(Records from a data collection)
= = = = = = =
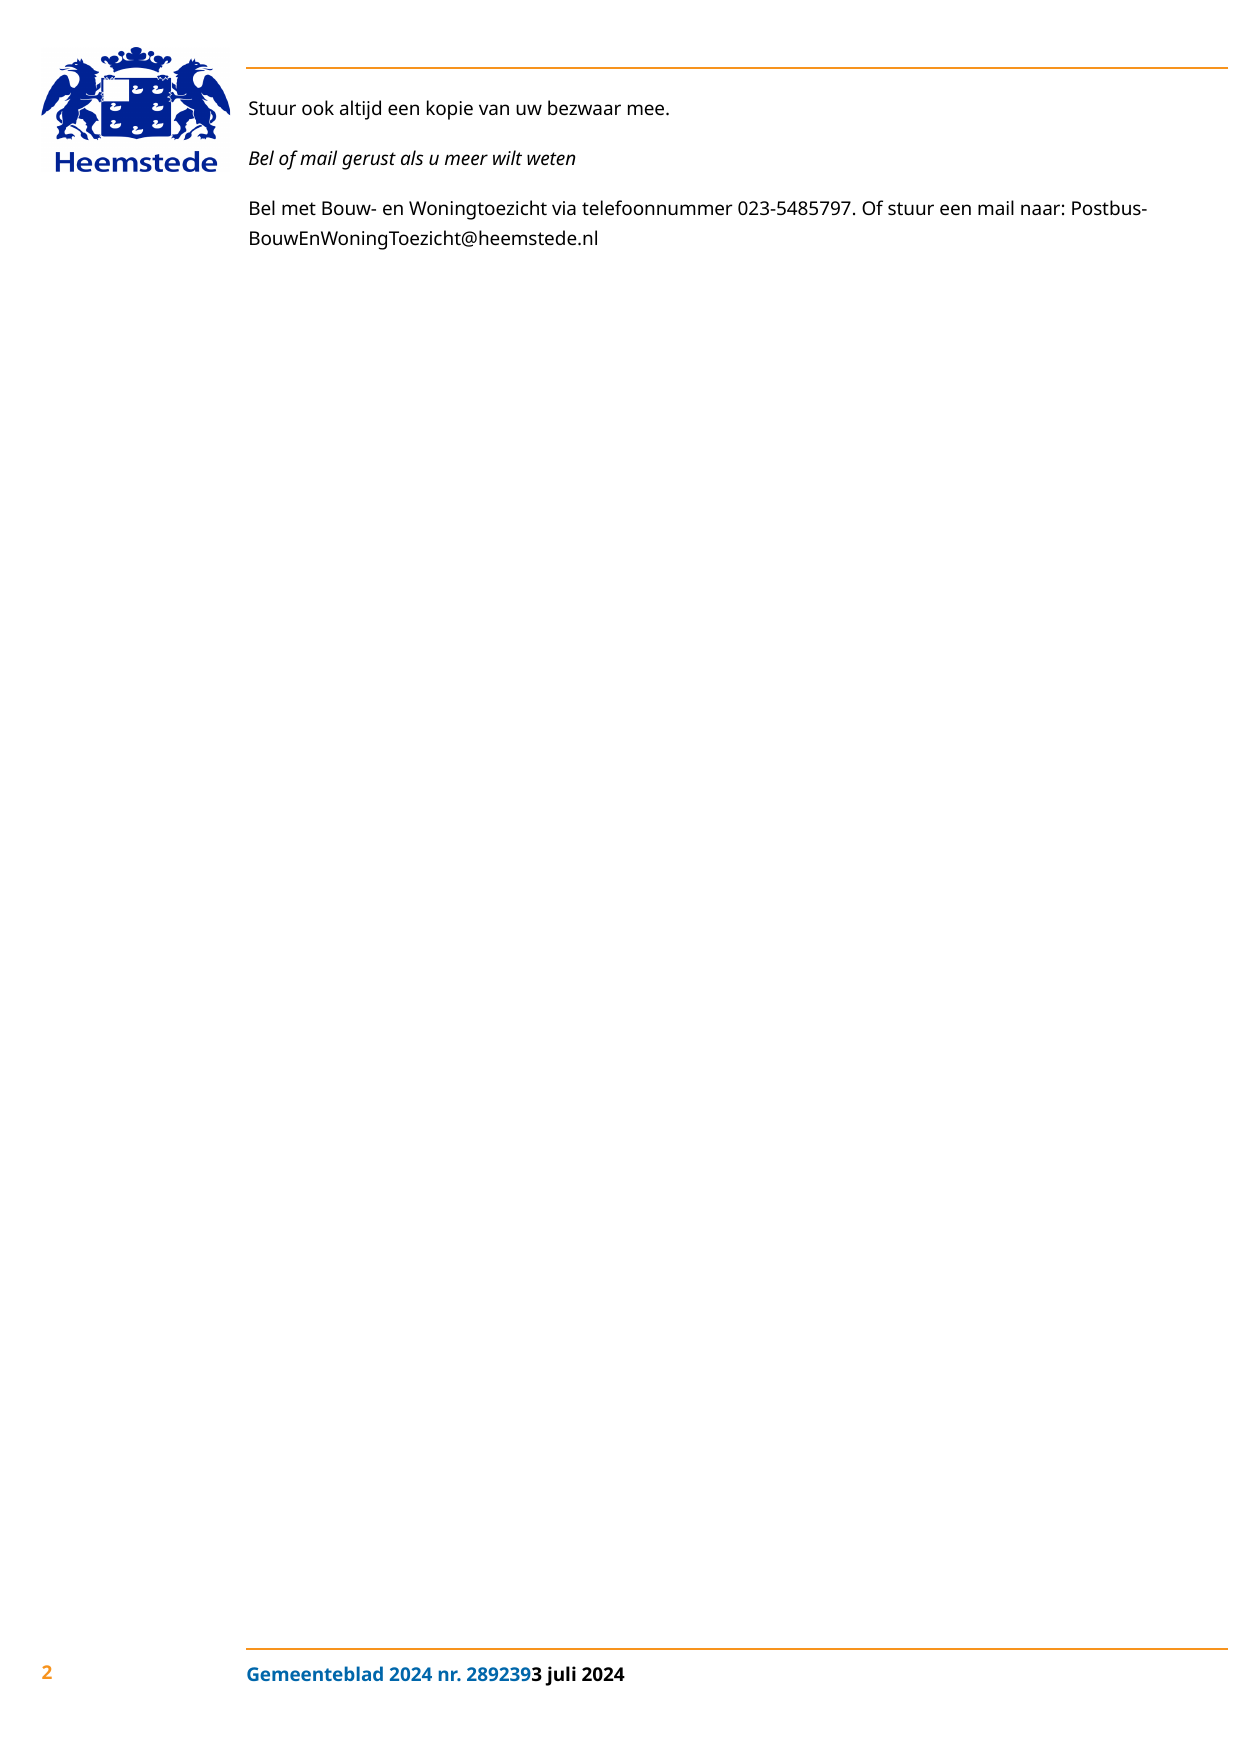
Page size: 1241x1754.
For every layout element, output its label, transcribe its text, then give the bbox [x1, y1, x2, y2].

text Stuur ook altijd een kopie van uw bezwaar mee. [248, 95, 1152, 121]
text Bel met Bouw- en Woningtoezicht via telefoonnummer 023-5485797. Of stuur een mail naar: Postbus-BouwEnWoningToezicht@heemstede.nl [248, 196, 1152, 251]
picture [41, 47, 231, 172]
text Bel of mail gerust als u meer wilt weten [248, 145, 1152, 171]
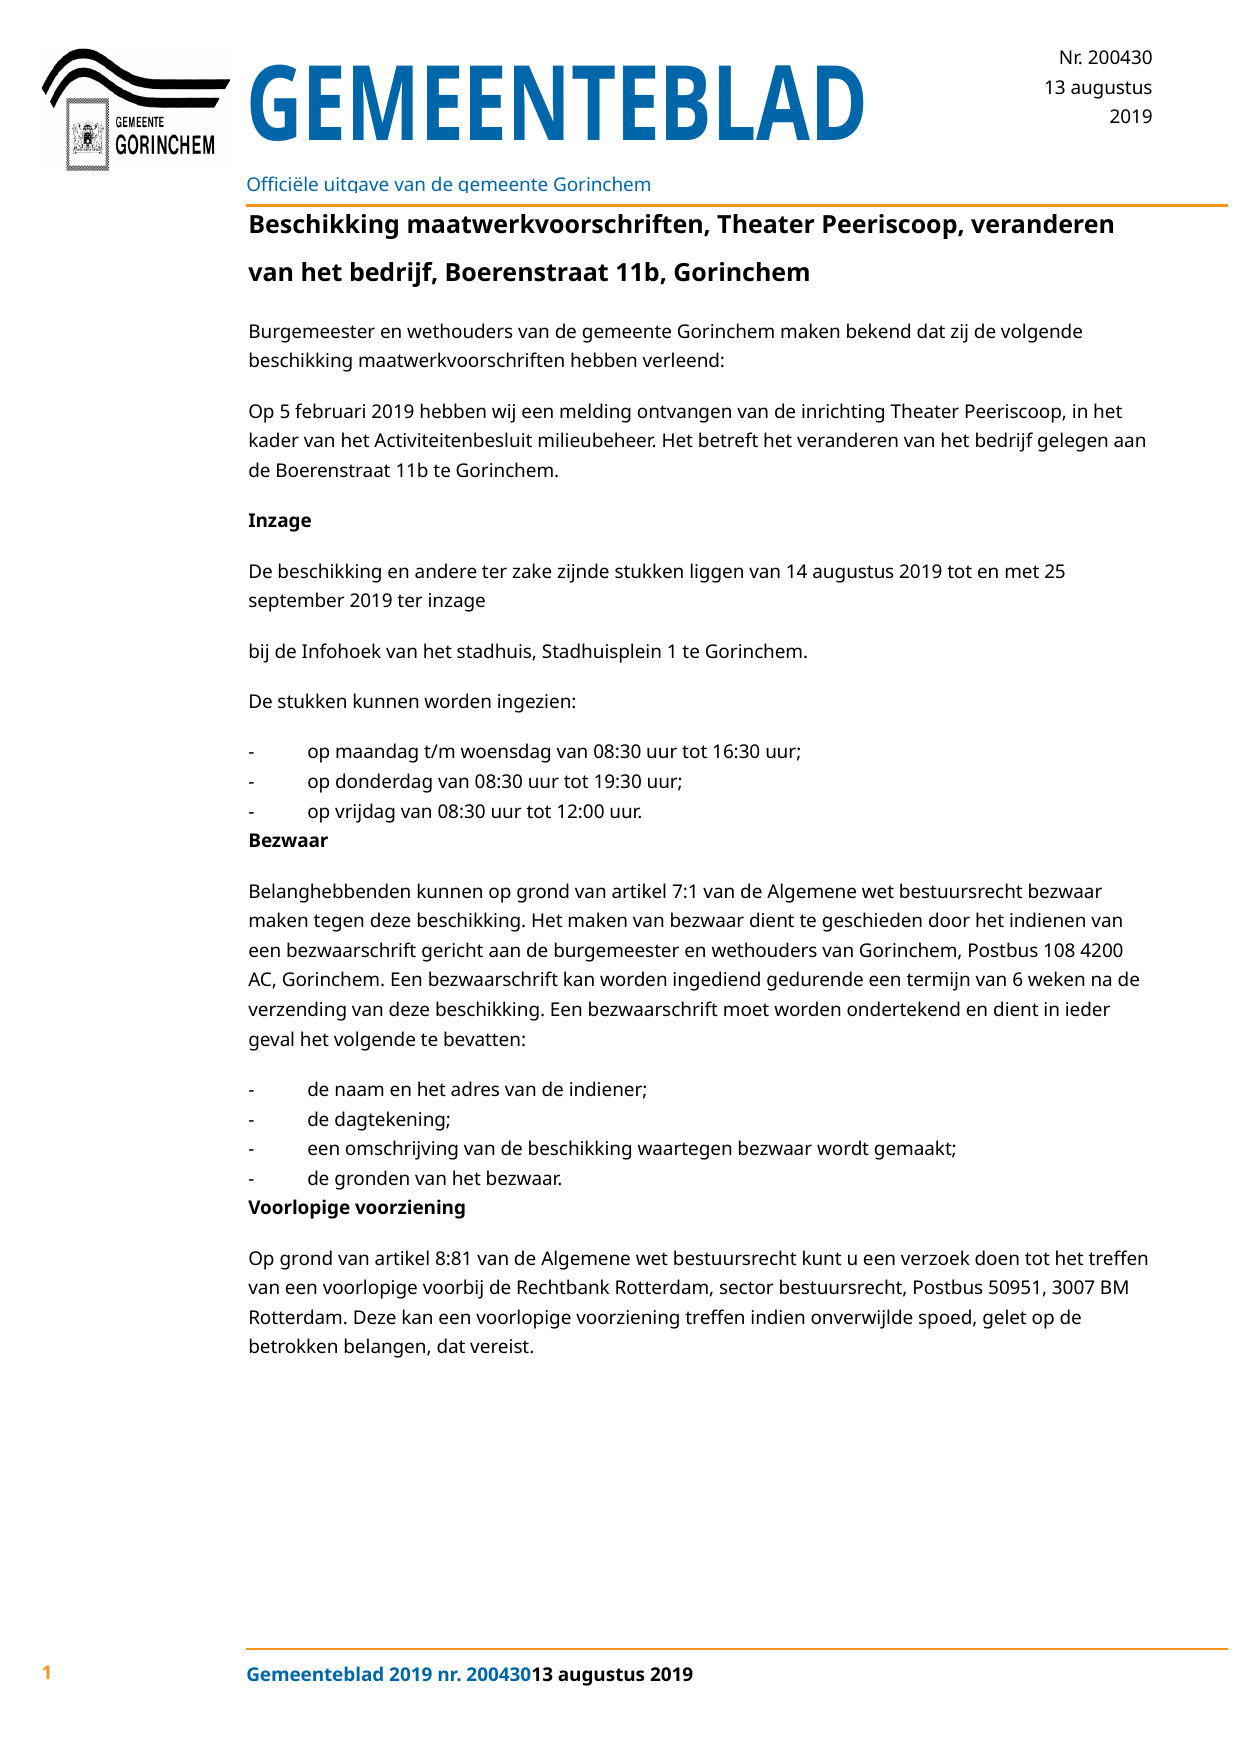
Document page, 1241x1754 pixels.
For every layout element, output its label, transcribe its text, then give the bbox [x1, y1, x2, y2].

list de gronden van het bezwaar. [248, 1165, 1152, 1191]
text Op grond van artikel 8:81 van de Algemene wet bestuursrecht kunt u een verzoek doen tot het treffen van een voorlopige voorbij de Rechtbank Rotterdam, sector bestuursrecht, Postbus 50951, 3007 BM Rotterdam. Deze kan een voorlopige voorziening treffen indien onverwijlde spoed, gelet op de betrokken belangen, dat vereist. [248, 1245, 1152, 1359]
text Inzage [248, 507, 1152, 533]
picture [41, 47, 231, 172]
list op vrijdag van 08:30 uur tot 12:00 uur. [248, 798, 1152, 824]
list de dagtekening; [248, 1106, 1152, 1132]
list op donderdag van 08:30 uur tot 19:30 uur; [248, 768, 1152, 794]
text Beschikking maatwerkvoorschriften, Theater Peeriscoop, veranderen van het bedrijf, Boerenstraat 11b, Gorinchem [248, 207, 1152, 288]
text De beschikking en andere ter zake zijnde stukken liggen van 14 augustus 2019 tot en met 25 september 2019 ter inzage [248, 558, 1152, 613]
list op maandag t/m woensdag van 08:30 uur tot 16:30 uur; [248, 739, 1152, 764]
list een omschrijving van de beschikking waartegen bezwaar wordt gemaakt; [248, 1135, 1152, 1161]
list de naam en het adres van de indiener; [248, 1076, 1152, 1102]
text Bezwaar [248, 827, 1152, 853]
text Burgemeester en wethouders van de gemeente Gorinchem maken bekend dat zij de volgende beschikking maatwerkvoorschriften hebben verleend: [248, 318, 1152, 373]
text bij de Infohoek van het stadhuis, Stadhuisplein 1 te Gorinchem. [248, 638, 1152, 664]
text Voorlopige voorziening [248, 1194, 1152, 1220]
text Op 5 februari 2019 hebben wij een melding ontvangen van de inrichting Theater Peeriscoop, in het kader van het Activiteitenbesluit milieubeheer. Het betreft het veranderen van het bedrijf gelegen aan de Boerenstraat 11b te Gorinchem. [248, 398, 1152, 483]
text De stukken kunnen worden ingezien: [248, 688, 1152, 714]
text Belanghebbenden kunnen op grond van artikel 7:1 van de Algemene wet bestuursrecht bezwaar maken tegen deze beschikking. Het maken van bezwaar dient te geschieden door het indienen van een bezwaarschrift gericht aan de burgemeester en wethouders van Gorinchem, Postbus 108 4200 AC, Gorinchem. Een bezwaarschrift kan worden ingediend gedurende een termijn van 6 weken na de verzending van deze beschikking. Een bezwaarschrift moet worden ondertekend en dient in ieder geval het volgende te bevatten: [248, 878, 1152, 1052]
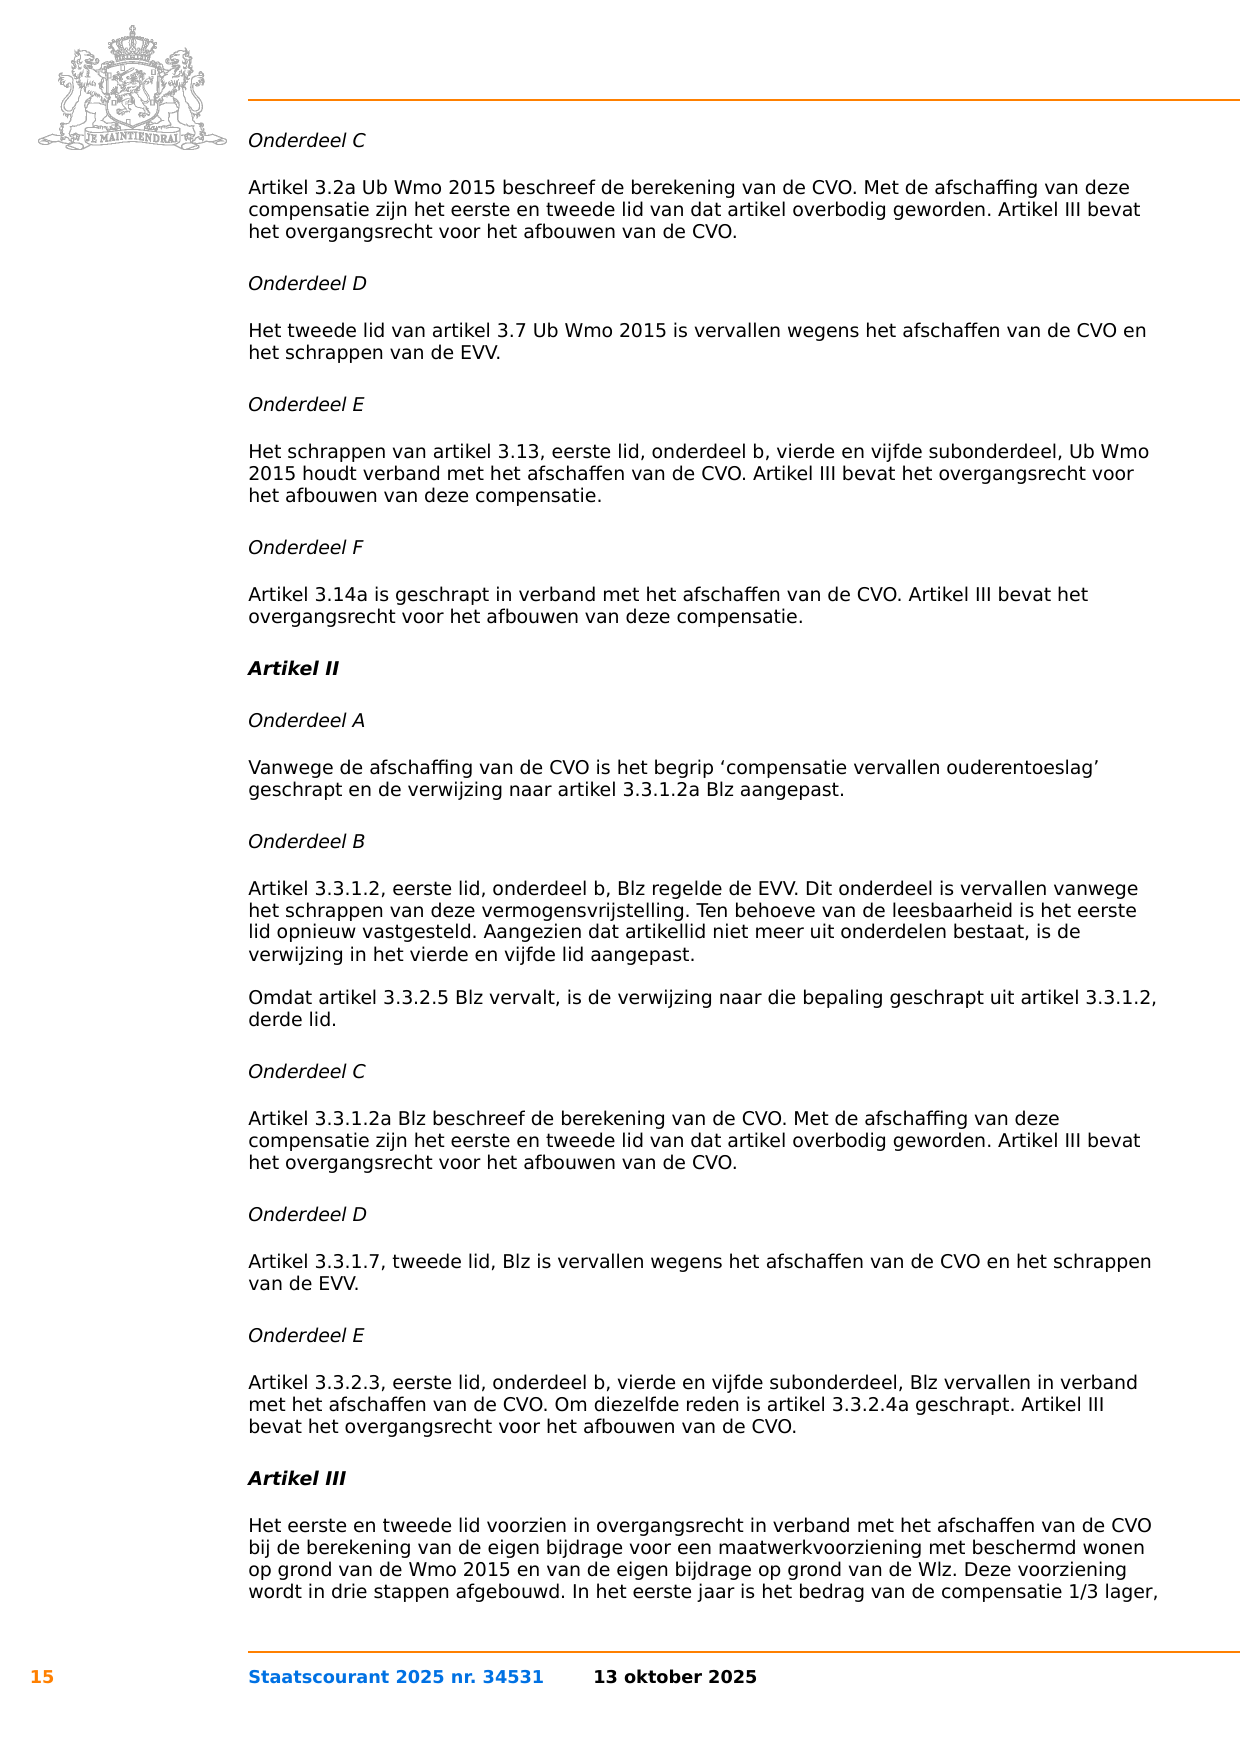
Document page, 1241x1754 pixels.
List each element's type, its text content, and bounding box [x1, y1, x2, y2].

subtitle Onderdeel E [248, 1325, 1163, 1347]
subtitle Onderdeel A [248, 709, 1163, 732]
text Vanwege de afschaffing van de CVO is het begrip ‘compensatie vervallen ouderentoeslag’ geschrapt en de verwijzing naar artikel 3.3.1.2a Blz aangepast. [248, 757, 1163, 801]
subtitle Onderdeel D [248, 273, 1163, 295]
text Artikel 3.2a Ub Wmo 2015 beschreef de berekening van de CVO. Met de afschaffing van deze compensatie zijn het eerste en tweede lid van dat artikel overbodig geworden. Artikel III bevat het overgangsrecht voor het afbouwen van de CVO. [248, 177, 1163, 243]
text Het schrappen van artikel 3.13, eerste lid, onderdeel b, vierde en vijfde subonderdeel, Ub Wmo 2015 houdt verband met het afschaffen van de CVO. Artikel III bevat het overgangsrecht voor het afbouwen van deze compensatie. [248, 441, 1163, 507]
subtitle Artikel III [248, 1468, 1163, 1490]
text Artikel 3.3.1.7, tweede lid, Blz is vervallen wegens het afschaffen van de CVO en het schrappen van de EVV. [248, 1251, 1163, 1295]
subtitle Artikel II [248, 658, 1163, 679]
text Artikel 3.3.2.3, eerste lid, onderdeel b, vierde en vijfde subonderdeel, Blz vervallen in verband met het afschaffen van de CVO. Om diezelfde reden is artikel 3.3.2.4a geschrapt. Artikel III bevat het overgangsrecht voor het afbouwen van de CVO. [248, 1372, 1163, 1438]
subtitle Onderdeel C [248, 130, 1163, 152]
picture [38, 25, 227, 150]
text Artikel 3.3.1.2a Blz beschreef de berekening van de CVO. Met de afschaffing van deze compensatie zijn het eerste en tweede lid van dat artikel overbodig geworden. Artikel III bevat het overgangsrecht voor het afbouwen van de CVO. [248, 1108, 1163, 1174]
subtitle Onderdeel B [248, 831, 1163, 852]
text Omdat artikel 3.3.2.5 Blz vervalt, is de verwijzing naar die bepaling geschrapt uit artikel 3.3.1.2, derde lid. [248, 987, 1163, 1031]
subtitle Onderdeel C [248, 1061, 1163, 1083]
subtitle Onderdeel F [248, 537, 1163, 559]
subtitle Onderdeel E [248, 394, 1163, 416]
text Artikel 3.14a is geschrapt in verband met het afschaffen van de CVO. Artikel III bevat het overgangsrecht voor het afbouwen van deze compensatie. [248, 584, 1163, 628]
subtitle Onderdeel D [248, 1204, 1163, 1226]
text Het tweede lid van artikel 3.7 Ub Wmo 2015 is vervallen wegens het afschaffen van de CVO en het schrappen van de EVV. [248, 320, 1163, 364]
text Het eerste en tweede lid voorzien in overgangsrecht in verband met het afschaffen van de CVO bij de berekening van de eigen bijdrage voor een maatwerkvoorziening met beschermd wonen op grond van de Wmo 2015 en van de eigen bijdrage op grond van de Wlz. Deze voorziening wordt in drie stappen afgebouwd. In het eerste jaar is het bedrag van de compensatie 1/3 lager, [248, 1515, 1163, 1603]
text Artikel 3.3.1.2, eerste lid, onderdeel b, Blz regelde de EVV. Dit onderdeel is vervallen vanwege het schrappen van deze vermogensvrijstelling. Ten behoeve van de leesbaarheid is het eerste lid opnieuw vastgesteld. Aangezien dat artikellid niet meer uit onderdelen bestaat, is de verwijzing in het vierde en vijfde lid aangepast. [248, 877, 1163, 965]
= = = = = = =
= What you have to do =
From the records above, pull every line that has the string "Peeriscoop" and copy it.

= Task output =
text Beschikking maatwerkvoorschriften, Theater Peeriscoop, veranderen van het bedrijf, Boerenstraat 11b, Gorinchem [248, 207, 1152, 288]
text Op 5 februari 2019 hebben wij een melding ontvangen van de inrichting Theater Peeriscoop, in het kader van het Activiteitenbesluit milieubeheer. Het betreft het veranderen van het bedrijf gelegen aan de Boerenstraat 11b te Gorinchem. [248, 398, 1152, 483]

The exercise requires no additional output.